SPAN is not a solution for this requirement . You have to configure netflow and sflow and also a netflow analyzer.

 

For 3560x:

https://community.cisco.com/t5/switching/netflow-configuration-on-3560x-switch/td-p/3092188

 

For 2960s: Netflow not supported. Is 3560x your distributed switch? Then enabling netflow on interfaces connected to 2960s switches will capture the traffic flow for analyses

 

For Fortigate: https://help.fortinet.com/fos60hlp/60/Content/FortiOS/fortigate-networking/Troubleshootin/sFlow%20support.htm

 

Free Flow analyser:

Cacti and Plixer Scrutinizer are good free ones, and ManageEngine netflow analyser is a good paid version

 

 

** Please rate this post or accept the solution if it helped! :) **

Seb Rupik
VIP Alumni
VIP Alumni

Hi there,

While I agree with both @balaji.bandi and @Captain HoOmi about the use of netflow, use of a SPAN port is a valid method for traffic analysis.
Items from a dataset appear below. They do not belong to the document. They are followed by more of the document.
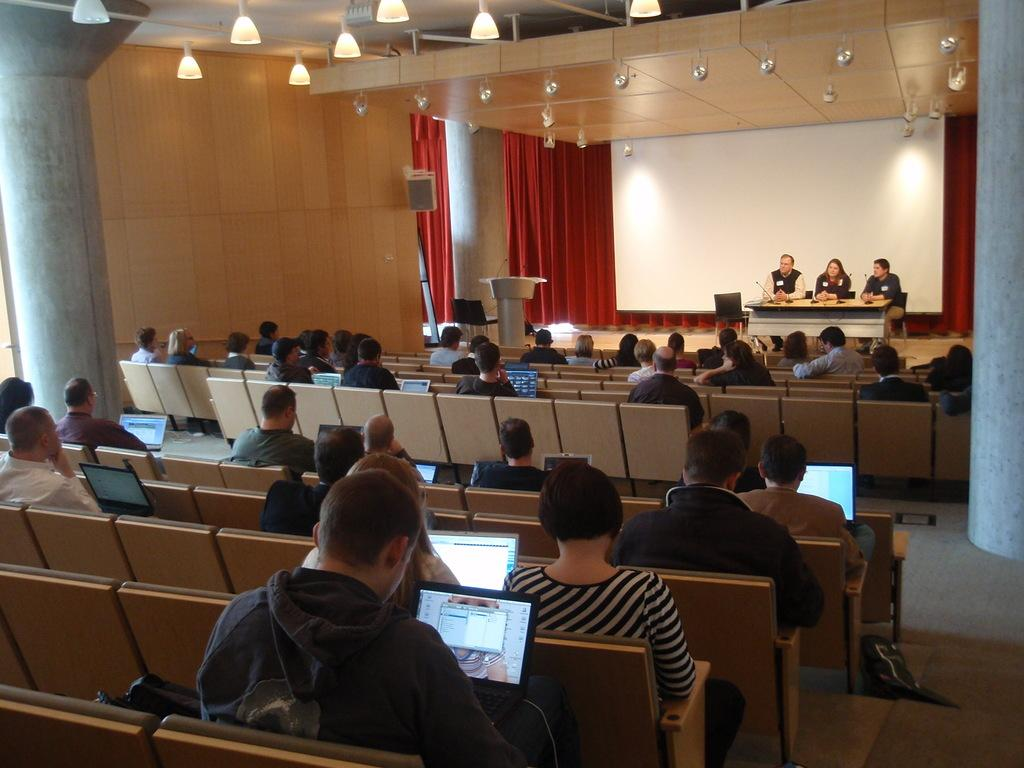What type of structure can be seen in the image? There is a wall in the image. What type of window treatment is present in the image? There are curtains in the image. What type of lighting is visible in the image? There are lights in the image. What are the people in the image doing? There are people sitting on chairs in the image. What type of electronic devices are present in the image? There are laptops in the image. What type of equipment is used for amplifying sound in the image? There are microphones (mics) in the image. What type of furniture is present in the image? There is a table in the image. How many cushions are visible on the chairs in the image? There is no mention of cushions on the chairs in the image. What type of society is depicted in the image? The image does not depict a society; it shows people sitting on chairs with laptops and microphones. Is there a girl present in the image? The provided facts do not mention the presence of a girl in the image. 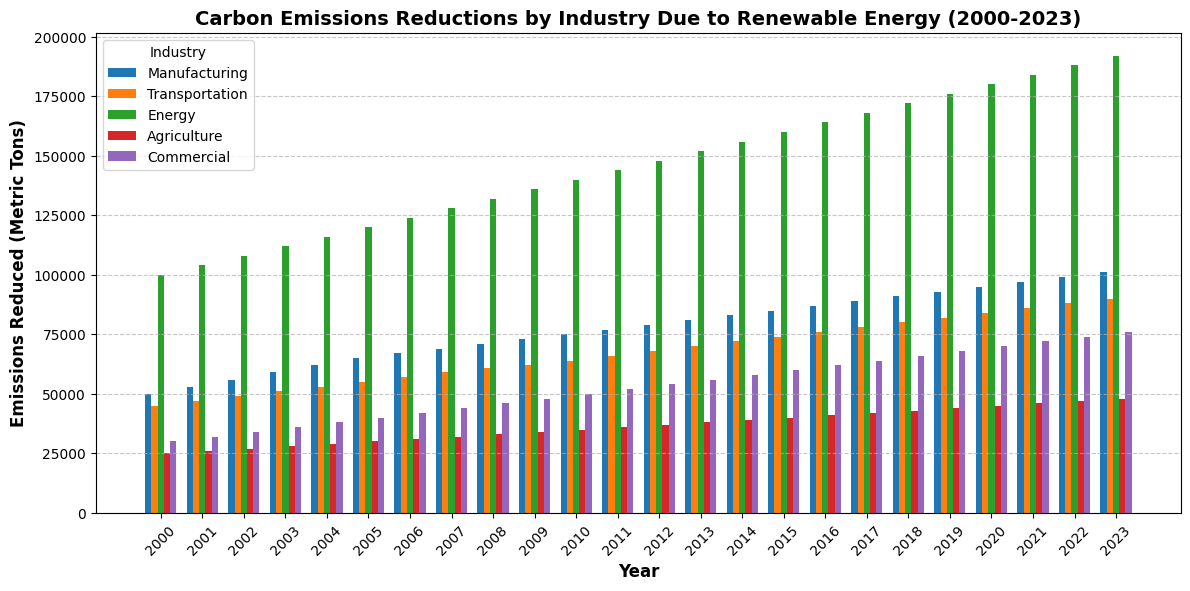What industry shows the greatest reduction in carbon emissions in 2023? To determine which industry shows the greatest reduction in 2023, look at the heights of the bars for each industry in that year. The tallest bar indicates the industry with the greatest reduction.
Answer: Energy How much did carbon emissions reduce cumulatively across all industries in 2000? To find the cumulative reduction, sum the heights of all bars for 2000 for each industry: Manufacturing (50,000) + Transportation (45,000) + Energy (100,000) + Agriculture (25,000) + Commercial (30,000).
Answer: 250,000 metric tons Which industry has consistently shown the lowest carbon emissions reduction from 2000 to 2023? Assess the height of bars for each year across all industries. The industry with the smallest bars consistently throughout the years will be the one with the lowest reductions.
Answer: Agriculture How did the carbon emissions reduction in Manufacturing in 2005 compare to Transportation in the same year? Compare the heights of the bars for Manufacturing and Transportation in 2005. Manufacturing (65,000) and Transportation (55,000).
Answer: Manufacturing is higher by 10,000 metric tons What is the average reduction of carbon emissions for the Commercial industry between 2000 and 2023? Sum the reduction values from 2000 to 2023 for the Commercial industry and then divide by the number of years (24). (30,000 + 32,000 + ... + 74,000 + 76,000) / 24.
Answer: 53,000 metric tons In which year did the Agriculture industry first exceed a 40,000 metric tons reduction? Examine the height of the bars for the Agriculture industry each year until you find the year where the value surpasses 40,000. The first year where this occurs is 2013.
Answer: 2013 Which year saw the smallest reduction in carbon emissions for the Transportation industry? Scan through the bars for the Transportation industry and find the year where the bar is the shortest. The smallest reduction occurs in the first year, which is 2000.
Answer: 2000 What is the total reduction in carbon emissions for the Energy industry from 2010 to 2020? Sum the reductions from 2010 to 2020 for the Energy industry: 140,000 + 144,000 + ... + 180,000.
Answer: 1,400,000 metric tons Between Agriculture and Commercial industries, which one saw a higher average annual increase in carbon emissions reduction from 2000 to 2023? Calculate the annual increase for each industry, then find the average: (Agriculture final - initial) / years and (Commercial final - initial) / years. Agriculture: (48,000 - 25,000) / 23 = 1,000 metric tons per year; Commercial: (76,000 - 30,000) / 23 ≈ 2,000 metric tons per year.
Answer: Commercial

It depends on the fidelity of analysis you want to achieve. Keep in mind that netflow collectors sample traffic (x packets in x), extract metadata from the captured streams and export it to a netflow analyser.

 

A SPAN port will capture every packet and its payload. This can be used for IDS or SIEM systems, which are normally directly attached and can ingest the data arriving at a high rate.

 

Examples of opensource SIEM systems would be: AlienVault (https://www.alienvault.com) or Security Onion (https://securityonion.net/) 

Example of a traffic analyser that uses a SPAN port would ntop (https://www.ntop.org/)

 

As for opensource neflow analyser, take a look at nfsen (http://nfsen.sourceforge.net/) or nsfen-ng (https://github.com/mbolli/nfsen-ng)

 

cheers,

Seb.

Yep I agree with you %100 but the big difference between Netflow and SPAN is with Span you'll end up with a copy of every packet which is sent to the destination port (including payload of the packets) , I've seen SPAN mostly implemented for IPS solutions to inspect packets or for call recordings and not necessarily just for analysing traffic flows.. With Netflow you only see traffic stats based on IP, application and port. You won't have the payload of the packets.

 

** Please rate this post or accept the solution if it helped! :) **

Thanks to both of you, I really appreciate your comments.

yes many opensource growing big some of very good...i see greylogger has good gui all pre-installed. worth trying.

 

if this solution works your needs, mark as resolved.